Apple exploring combination of quantum dot and OLED technologies for future iPhone displays
AppleInsider may earn an affiliate commission on purchases made through links on our site.
Future Apple devices could merge the enhanced power efficiency of quantum dot LED and speed of response of OLED screens in one unit, offering the best of both worlds in terms of battery life and image quality.
Apple's proposed invention, entitled "Quantum Dot LED and OLED Integration for High Efficiency Displays," was published by the U.S. Patent and Trademark Office this week. The innovation described breaks down elements in a single pixel into subpixels, with aspects of both technologies in one pixel group, to in part fuse the technologies into a hybrid display.
But, given the state of the technologies, it is not clear when — or if — the hybrid will see the light of day, or if it is even practical.
OLED is the obvious evolution from LCD
OLED displays have a greater contrast ratio, and superior overall color display to LCD. The flexible displays prevalent at recent trade shows are a product of OLED development.
A traditional LCD screen is considered transmissive — individual elements change color, but are at the mercy of assorted backlight technologies for presentation. OLED screens are emissive, meaning that each individual pixel is its own light source with brightness being able to be set per pixel.
As a result, OLED technology also has significant power efficiency improvements over LCD screens. For instance, a black pixel consumes no power — this also opens up other utilizations of an OLED screen, such as only using a small portion of it for a constant time and notification display, with minimal impact to battery life.
Without the need for a backlight, an OLED screen can be thinner than competing technologies, all other factors equal. OLED response times can theoretically reach 0.01 milliseconds, versus 1 millisecond for modern LCD screens.
Production is more complicated than LCD, with even a speck of dust completely ruining a screen during initial fabrication.
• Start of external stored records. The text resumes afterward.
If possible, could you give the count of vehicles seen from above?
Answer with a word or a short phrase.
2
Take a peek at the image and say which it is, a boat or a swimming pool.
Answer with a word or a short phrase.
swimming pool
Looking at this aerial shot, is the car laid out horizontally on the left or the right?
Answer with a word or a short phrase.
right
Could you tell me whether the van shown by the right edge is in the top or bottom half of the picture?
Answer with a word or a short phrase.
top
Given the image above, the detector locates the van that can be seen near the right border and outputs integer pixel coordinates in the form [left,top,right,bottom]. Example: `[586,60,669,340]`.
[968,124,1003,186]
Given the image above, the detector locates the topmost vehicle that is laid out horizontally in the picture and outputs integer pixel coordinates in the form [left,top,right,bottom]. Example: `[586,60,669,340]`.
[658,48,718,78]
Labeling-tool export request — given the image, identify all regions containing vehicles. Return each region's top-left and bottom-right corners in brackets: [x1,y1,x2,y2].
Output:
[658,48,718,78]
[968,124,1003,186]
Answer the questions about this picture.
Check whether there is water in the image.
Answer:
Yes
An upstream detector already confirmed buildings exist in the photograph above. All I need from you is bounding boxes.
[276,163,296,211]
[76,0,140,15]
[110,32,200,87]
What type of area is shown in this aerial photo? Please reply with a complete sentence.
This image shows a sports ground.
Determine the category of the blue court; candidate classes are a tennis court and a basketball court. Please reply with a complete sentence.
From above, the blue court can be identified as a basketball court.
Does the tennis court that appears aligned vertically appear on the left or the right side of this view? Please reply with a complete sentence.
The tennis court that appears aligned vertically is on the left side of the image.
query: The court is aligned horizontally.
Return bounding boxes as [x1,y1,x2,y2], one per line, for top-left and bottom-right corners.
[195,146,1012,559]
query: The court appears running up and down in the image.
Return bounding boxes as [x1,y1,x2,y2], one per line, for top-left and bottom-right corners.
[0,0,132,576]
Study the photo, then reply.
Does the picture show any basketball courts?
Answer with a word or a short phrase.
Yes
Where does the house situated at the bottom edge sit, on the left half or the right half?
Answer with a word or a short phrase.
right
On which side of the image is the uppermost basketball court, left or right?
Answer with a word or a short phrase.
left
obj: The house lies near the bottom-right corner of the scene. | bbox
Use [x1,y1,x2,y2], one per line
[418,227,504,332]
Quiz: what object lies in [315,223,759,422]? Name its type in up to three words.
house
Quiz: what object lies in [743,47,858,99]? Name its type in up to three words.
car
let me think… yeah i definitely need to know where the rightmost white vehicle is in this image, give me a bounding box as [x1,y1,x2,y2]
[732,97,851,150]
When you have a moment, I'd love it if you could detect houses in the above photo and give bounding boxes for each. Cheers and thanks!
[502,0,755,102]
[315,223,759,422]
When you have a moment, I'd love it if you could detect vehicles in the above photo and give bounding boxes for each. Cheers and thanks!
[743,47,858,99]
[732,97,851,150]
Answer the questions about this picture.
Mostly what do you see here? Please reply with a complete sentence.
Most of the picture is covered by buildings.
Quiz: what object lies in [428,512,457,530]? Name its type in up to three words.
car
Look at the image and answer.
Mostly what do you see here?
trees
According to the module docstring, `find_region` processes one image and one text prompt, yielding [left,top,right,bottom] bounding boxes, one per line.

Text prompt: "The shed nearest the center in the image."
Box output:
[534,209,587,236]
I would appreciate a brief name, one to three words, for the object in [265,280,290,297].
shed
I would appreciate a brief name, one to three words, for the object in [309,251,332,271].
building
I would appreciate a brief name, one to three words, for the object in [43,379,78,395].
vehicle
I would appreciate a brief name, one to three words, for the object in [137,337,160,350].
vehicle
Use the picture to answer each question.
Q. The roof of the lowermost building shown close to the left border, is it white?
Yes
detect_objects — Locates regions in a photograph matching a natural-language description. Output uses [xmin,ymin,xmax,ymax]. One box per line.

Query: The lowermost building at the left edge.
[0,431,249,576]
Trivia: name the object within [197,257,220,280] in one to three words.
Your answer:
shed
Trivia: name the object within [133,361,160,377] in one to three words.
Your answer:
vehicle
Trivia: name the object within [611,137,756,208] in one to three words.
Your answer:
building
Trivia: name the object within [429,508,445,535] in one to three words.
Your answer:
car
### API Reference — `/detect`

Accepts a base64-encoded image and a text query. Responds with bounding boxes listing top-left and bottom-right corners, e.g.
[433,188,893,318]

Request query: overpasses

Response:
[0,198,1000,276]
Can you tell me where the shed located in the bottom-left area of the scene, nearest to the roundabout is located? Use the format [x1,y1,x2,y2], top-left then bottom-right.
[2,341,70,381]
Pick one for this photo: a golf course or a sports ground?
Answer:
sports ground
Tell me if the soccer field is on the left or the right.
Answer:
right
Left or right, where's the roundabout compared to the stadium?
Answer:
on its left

The cost to construct each screen still exceeds that of an LCD.
Water impingement is a major problem for OLED screens both during production, and in-use. Even a small amount of water contacting the organic substrate of the screen can immediately damage the display, necessitating replacement.
QD is next, but still in the future
Apple's implementation of quantum dot appears to be a true quantum dot (QD), different from the current commercial implementation of the screen. As with OLED, light is emitted on demand in true QD and the complete technology is seen as the successor to OLED at some point in the future.
While Quantum LED televisions exist now, the technology is being used to improve the backlight, and isn't being used on the pixel level — yet.
True QD swaps the photoluminescent quantum dots behind a conventional LED or the organic element in an OLED screen for electroluminescent nanoparticles, which emit the light themselves.
Advantages of the technology over OLED include longer life, better saturated green colors, a thinner display than even OLED, and a more streamlined manufacturing process than OLED when the technique is perfected. Plus, true QD displays can produce displays at up to 1000 pixels per inch.
Response times for QD displays are closer to that of LED, so a hybrid display would adopt the OLED speed.
When could the hybrid appear?
While QLED televisions with a quantum dot backlight are available now, true QD displays only exist in the lab. Apple has certainly seen the development, and has a hand in its development.
Apple's patent application discusses the challenges of developing a hybrid display, and has more to do with the production of them, then the actual use. The application isn't clear about actual usage of the displays produced, but does briefly touch on the fact that the combined fabrication is complex, and not entirely worked out yet.
Not clear is if Apple's quest in a combined screen comes before or after homogenous QD displays arrive. It appears Apple is gambling for the future with the application, and betting on a need to improve the response time of the technology before something new comes down the pipeline.
The relative thickness of QLED technology in televisions isn't well suited for small screens, as compared to OLED — with the vast majority of the users demanding thinner and thinner screens on their smartphones. True QD is notably thinner than QLED, as is OLED, and the two technologies, properly integrated, can complement each others weaknesses.